• [TASK GOAL]
Among the lines below, some may contain the string "Step". Say how many do, and give nothing besides the number.

[[ DATA FOR THIS EXERCISE, beginning ]]

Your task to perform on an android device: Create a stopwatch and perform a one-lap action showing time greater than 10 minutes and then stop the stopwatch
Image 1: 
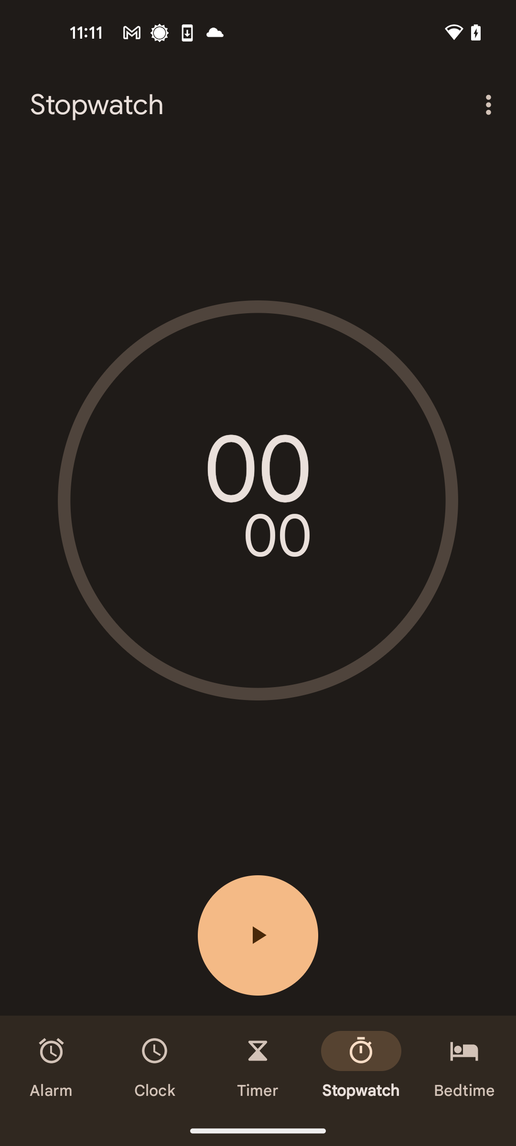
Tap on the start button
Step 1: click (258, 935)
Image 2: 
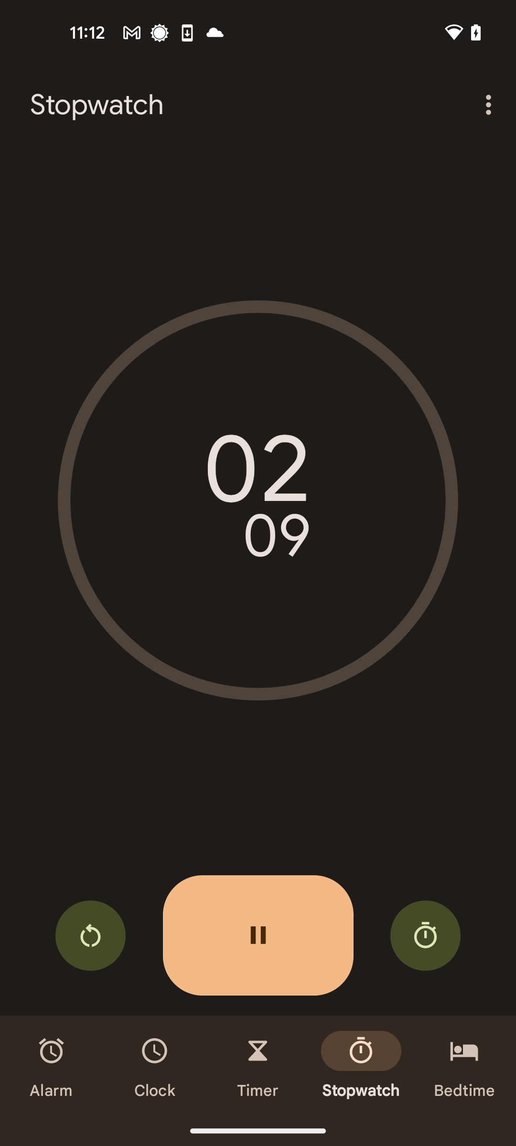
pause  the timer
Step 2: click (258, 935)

[[ DATA FOR THIS EXERCISE, end ]]
[[ DATA FOR THIS EXERCISE, beginning ]]

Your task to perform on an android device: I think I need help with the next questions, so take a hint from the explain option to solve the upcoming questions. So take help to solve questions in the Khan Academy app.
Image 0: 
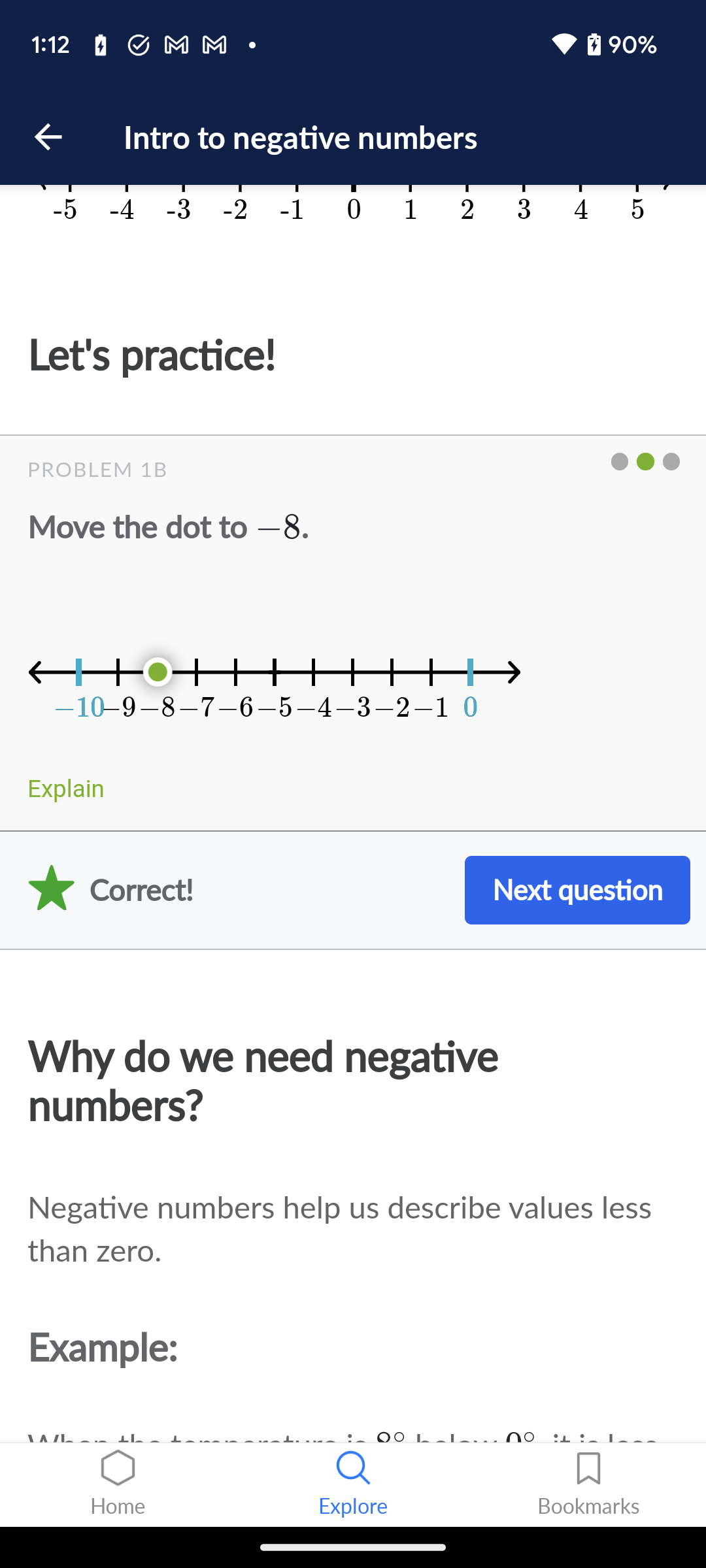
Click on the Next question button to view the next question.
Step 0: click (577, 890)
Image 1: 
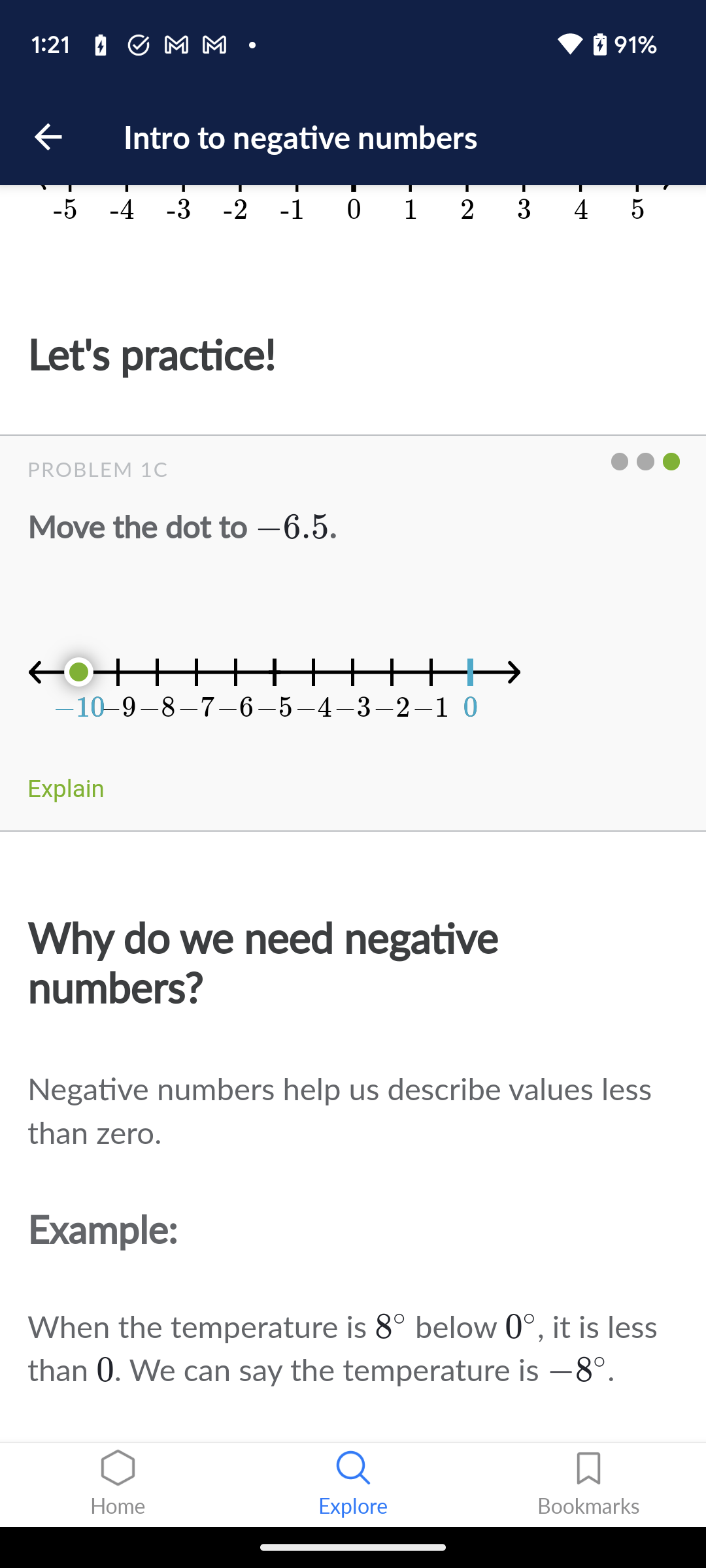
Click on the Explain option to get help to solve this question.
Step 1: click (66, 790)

[[ DATA FOR THIS EXERCISE, end ]]
[[ DATA FOR THIS EXERCISE, beginning ]]

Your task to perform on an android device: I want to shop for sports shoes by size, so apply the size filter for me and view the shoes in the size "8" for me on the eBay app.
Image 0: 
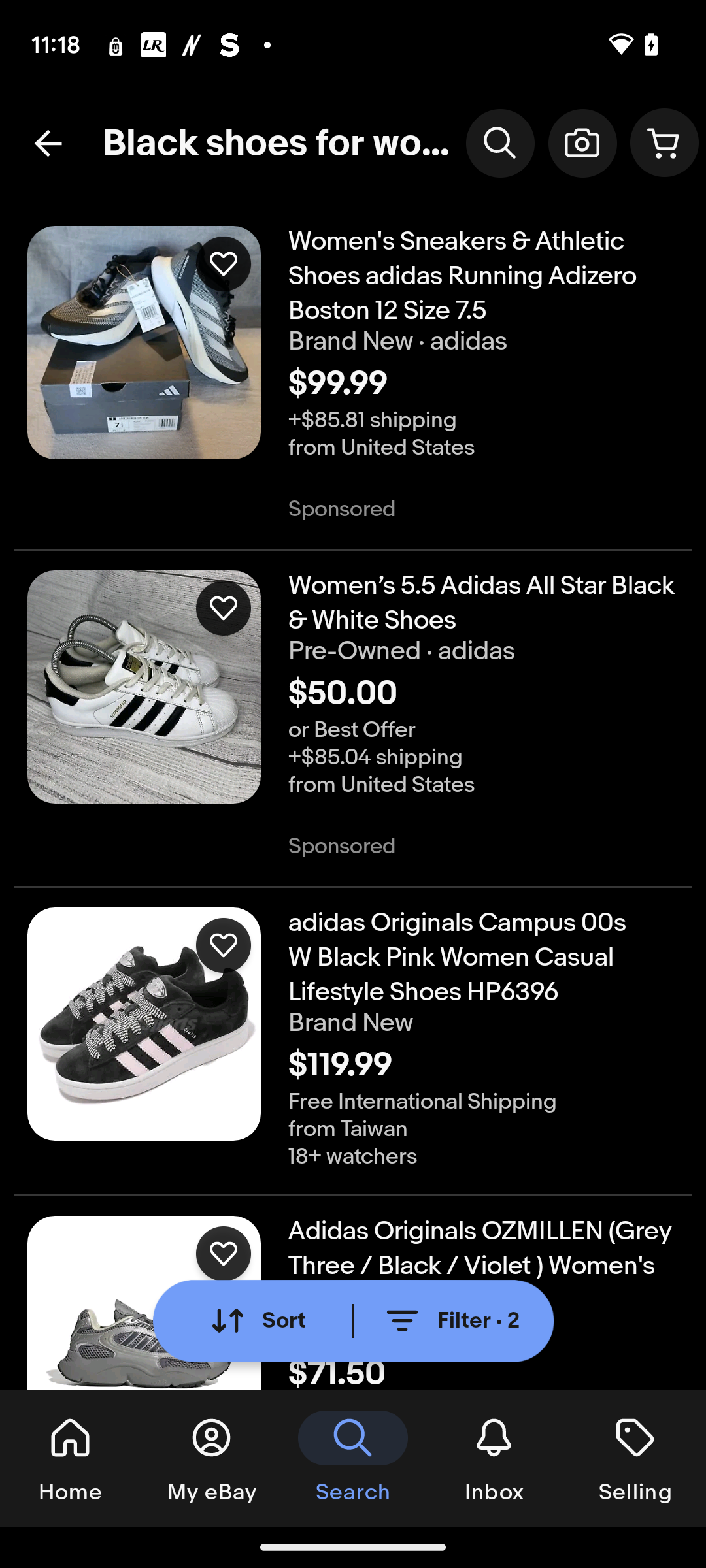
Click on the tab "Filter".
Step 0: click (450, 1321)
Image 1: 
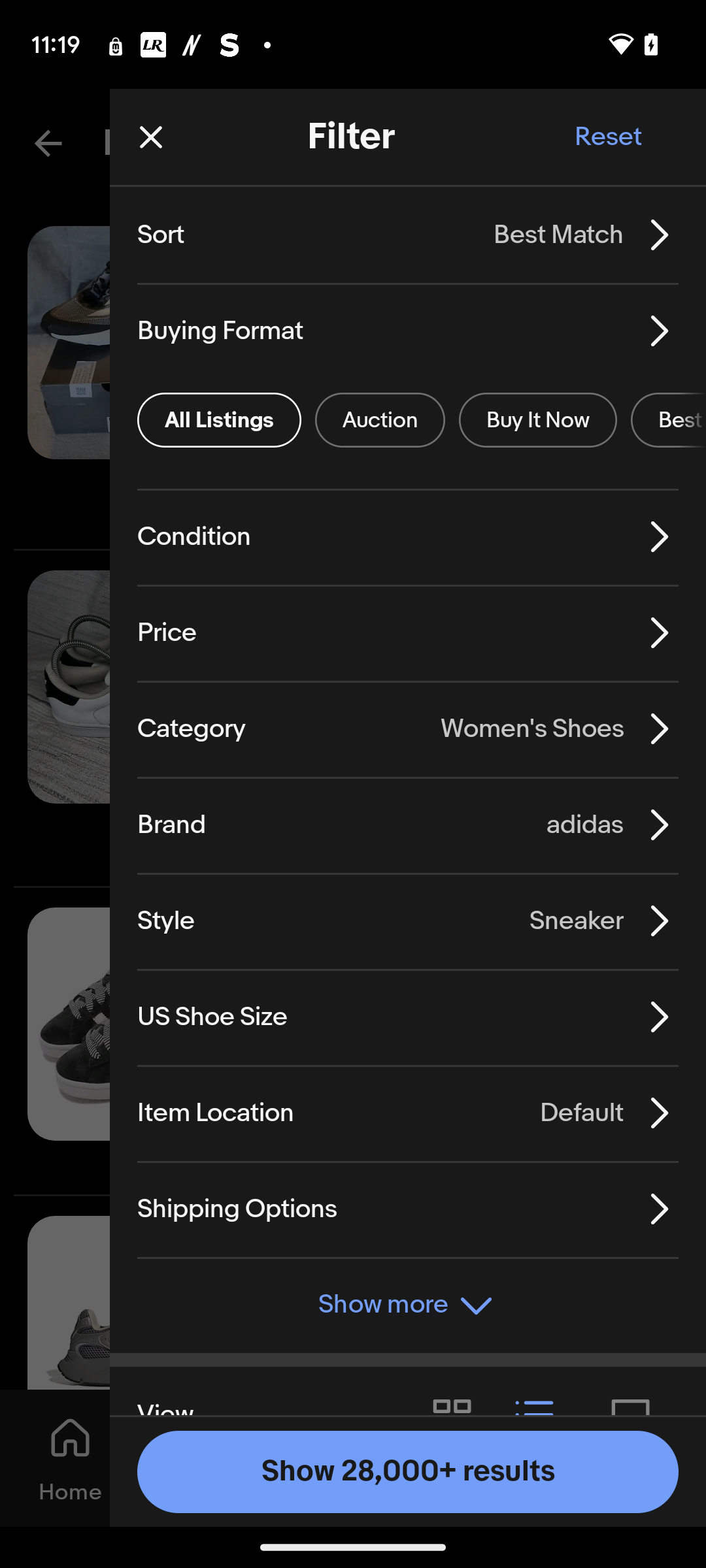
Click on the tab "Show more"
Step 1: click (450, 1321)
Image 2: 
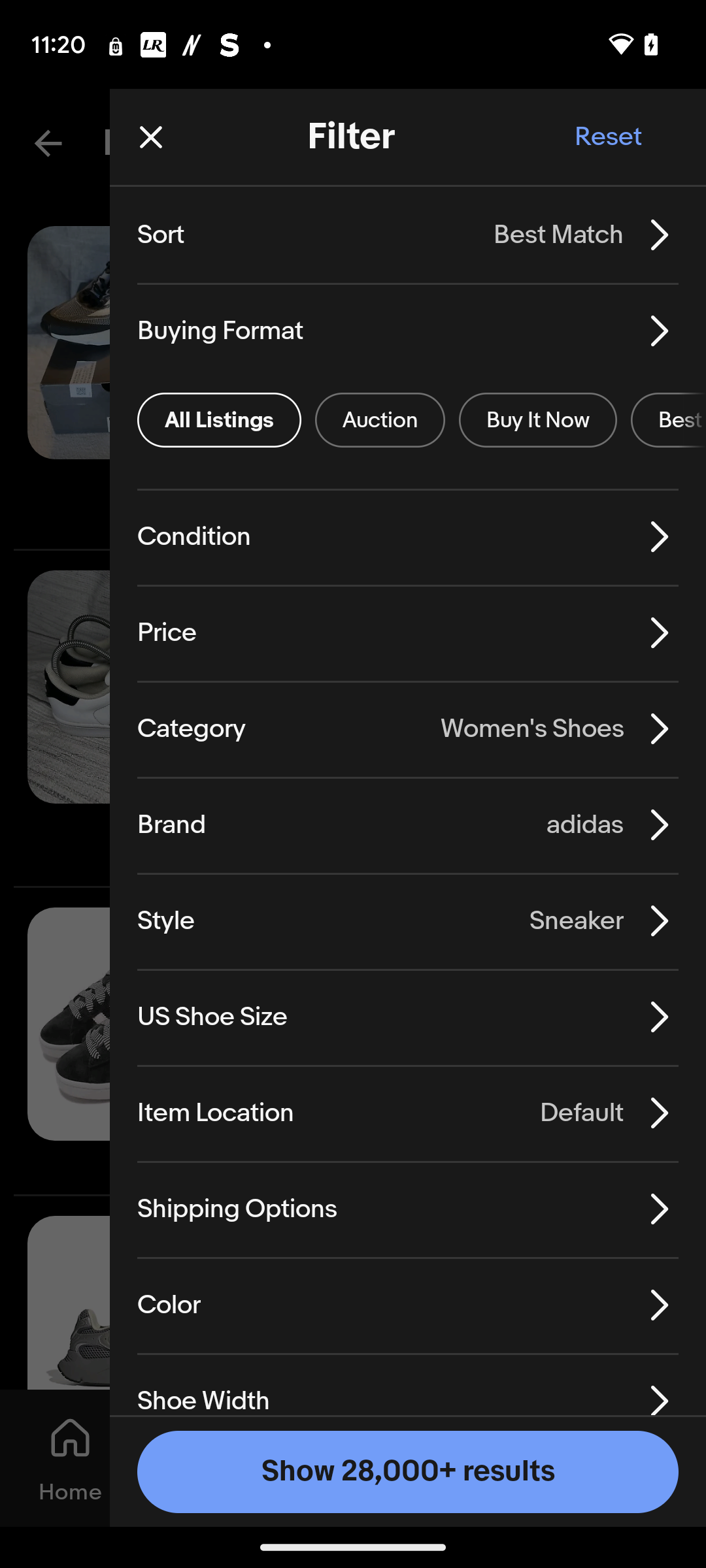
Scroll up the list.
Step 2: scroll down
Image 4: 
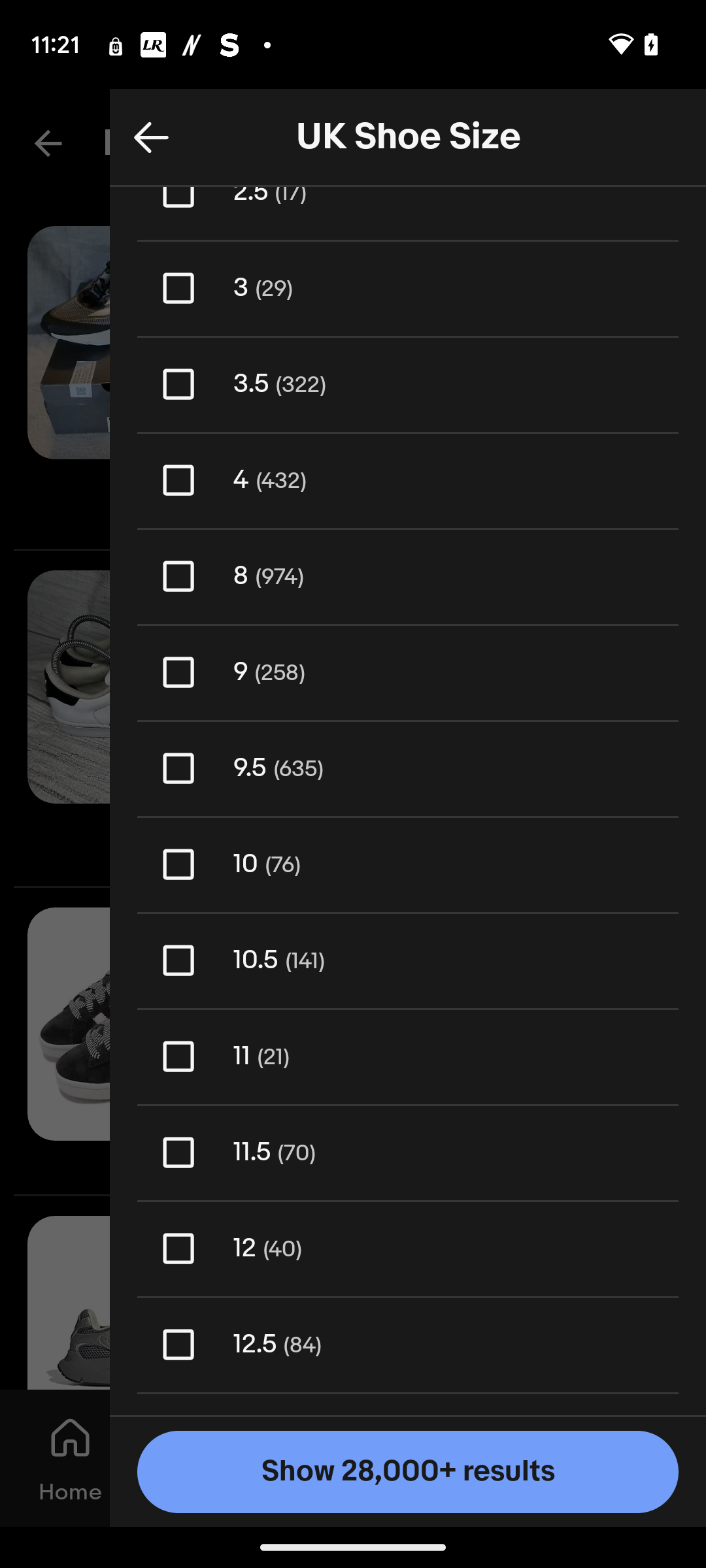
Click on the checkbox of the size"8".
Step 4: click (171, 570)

[[ DATA FOR THIS EXERCISE, end ]]

• [TASK OUTPUT]
8